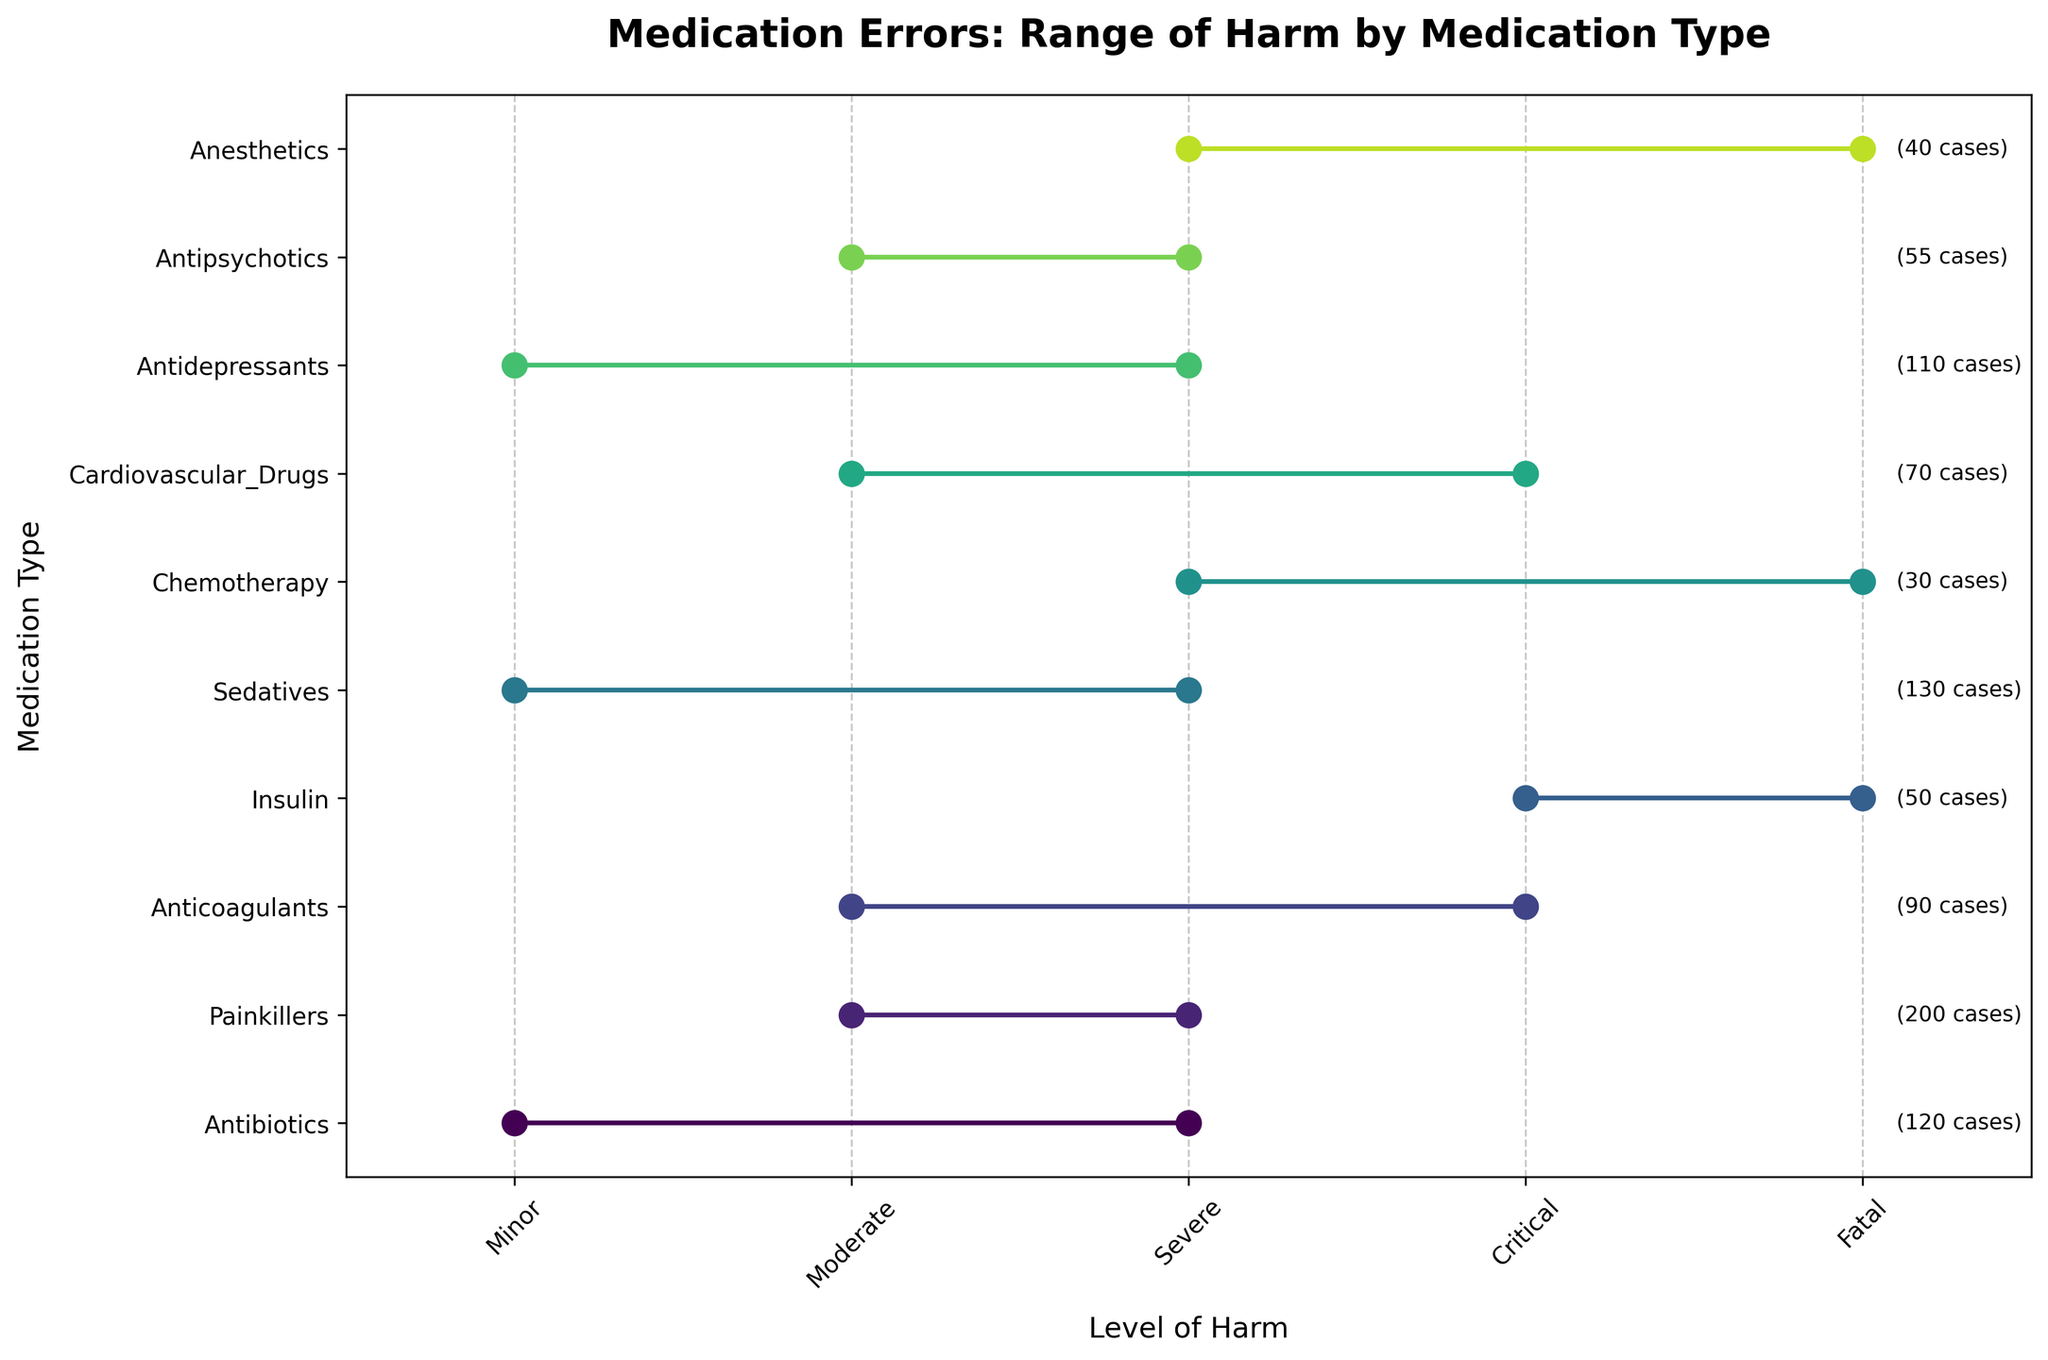What is the title of the plot? The title is typically found at the top of the plot in larger, bold text. In this case, the title reads "Medication Errors: Range of Harm by Medication Type."
Answer: Medication Errors: Range of Harm by Medication Type How many medication types are shown in the plot? The medication types are listed along the vertical axis (y-axis). Counting these labels will give us the number of medication types shown. There are 10 medication types listed.
Answer: 10 Which medication type had the highest number of cases? The number of cases for each medication type is displayed as text next to the corresponding line on the plot. "Painkillers" have the highest number of cases with 200.
Answer: Painkillers What is the range of harm for Insulin errors? The range of harm for each medication type is shown by a horizontal line spanning from the minimum harm to the maximum harm. For Insulin, the line starts at 'Critical' and extends to 'Fatal'.
Answer: Critical to Fatal Which medication types have 'Severe' as the maximum level of harm? The maximum level of harm is the rightmost point of each line. The medication types with 'Severe' as their maximum level of harm are listed where these lines end at 'Severe'. These include Antibiotics, Painkillers, Sedatives, Antidepressants, and Antipsychotics.
Answer: Antibiotics, Painkillers, Sedatives, Antidepressants, Antipsychotics What is the minimum level of harm for Cardiovascular Drugs? The minimum level of harm is the leftmost point of the line for each medication type. For Cardiovascular Drugs, this point is at 'Moderate'.
Answer: Moderate Compare the range of harm for Anticoagulants and Antipsychotics. Which has a broader range? The range of harm is indicated by the span of the line from minimum to maximum harm. Anticoagulants have a range from 'Moderate' to 'Critical', while Antipsychotics range from 'Moderate' to 'Severe'. Thus, Anticoagulants have a broader range of harm.
Answer: Anticoagulants Which medication type has the lowest number of cases? The number of cases for each medication type is displayed next to the corresponding line. "Chemotherapy" has the lowest number of cases with 30.
Answer: Chemotherapy Are there any medication types where the harm ranged from 'Minor' to 'Severe'? The range of harm spanning from 'Minor' to 'Severe' would show a line starting at 'Minor' and ending at 'Severe'. Antibiotics, Sedatives, and Antidepressants have harm ranges from 'Minor' to 'Severe'.
Answer: Antibiotics, Sedatives, Antidepressants 
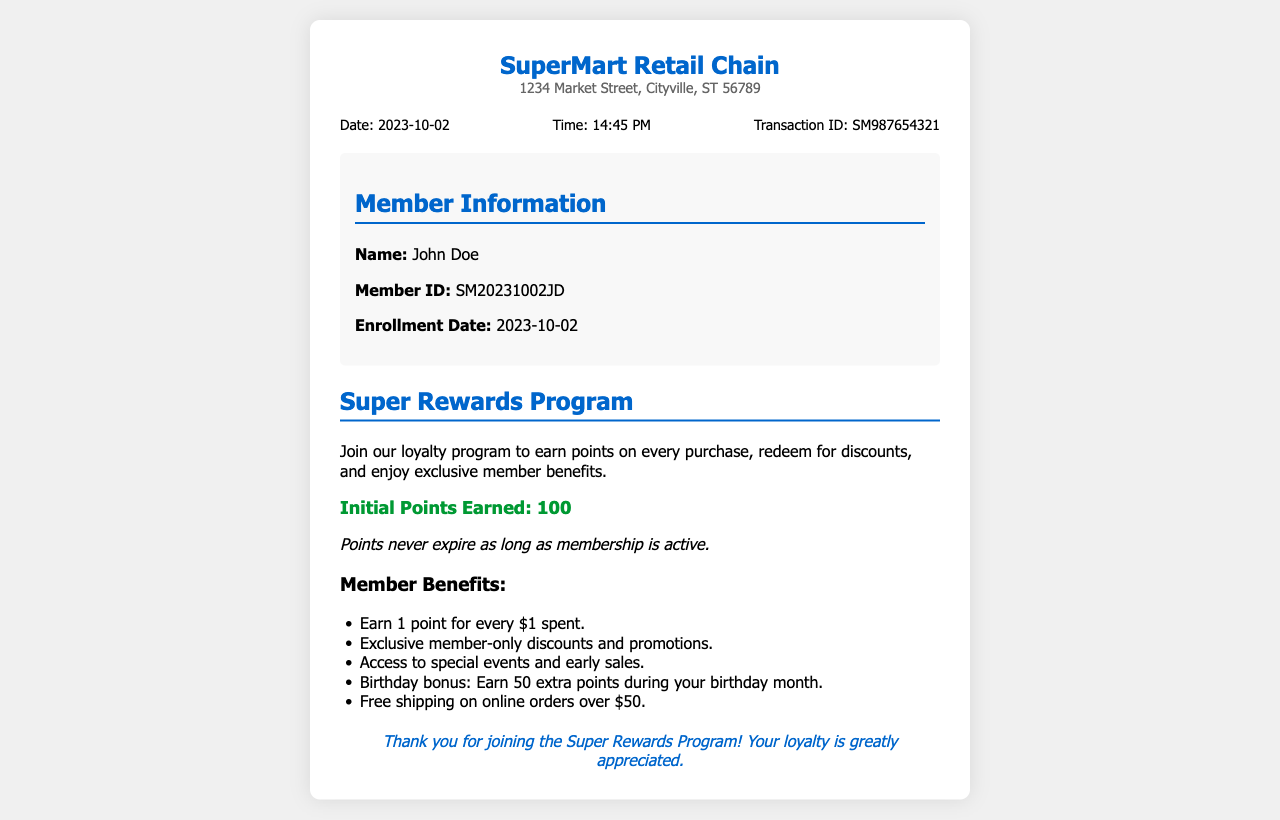What is the transaction ID? The transaction ID is provided in the document under the transaction information section.
Answer: SM987654321 What is the enrollment date? The enrollment date is mentioned in the customer information section of the document.
Answer: 2023-10-02 What are the initial points earned? The document specifies the initial points earned for joining the loyalty program.
Answer: 100 What is the name of the loyalty program? The name of the loyalty program is indicated clearly in the program information section.
Answer: Super Rewards Program How many extra points do members earn during their birthday month? The document states that members receive a bonus during their birthday month, which is described in the benefits list.
Answer: 50 extra points What is the main benefit of the loyalty program? The main benefit is described in the first line of the program description, focusing on earning points from purchases.
Answer: Earn points on every purchase What is the location of the store? The store's address is included in the header section of the receipt.
Answer: 1234 Market Street, Cityville, ST 56789 What time was the transaction completed? The time of the transaction is listed in the transaction information part of the document.
Answer: 14:45 PM

Task statement: Transcribe each line of the data above, unaltered, from the one where "is at 'Moderate'." appears to the one where "Answer: Anticoagulants Which" appears, inclusive of both.

Answer:
Answer: Antibiotics, Painkillers, Sedatives, Antidepressants, Antipsychotics What is the minimum level of harm for Cardiovascular Drugs? The minimum level of harm is the leftmost point of the line for each medication type. For Cardiovascular Drugs, this point is at 'Moderate'.
Answer: Moderate Compare the range of harm for Anticoagulants and Antipsychotics. Which has a broader range? The range of harm is indicated by the span of the line from minimum to maximum harm. Anticoagulants have a range from 'Moderate' to 'Critical', while Antipsychotics range from 'Moderate' to 'Severe'. Thus, Anticoagulants have a broader range of harm.
Answer: Anticoagulants Which medication type has the lowest number of cases? The number of cases for each medication type is displayed next to the corresponding line. "Chemotherapy" has the lowest number of cases with 30.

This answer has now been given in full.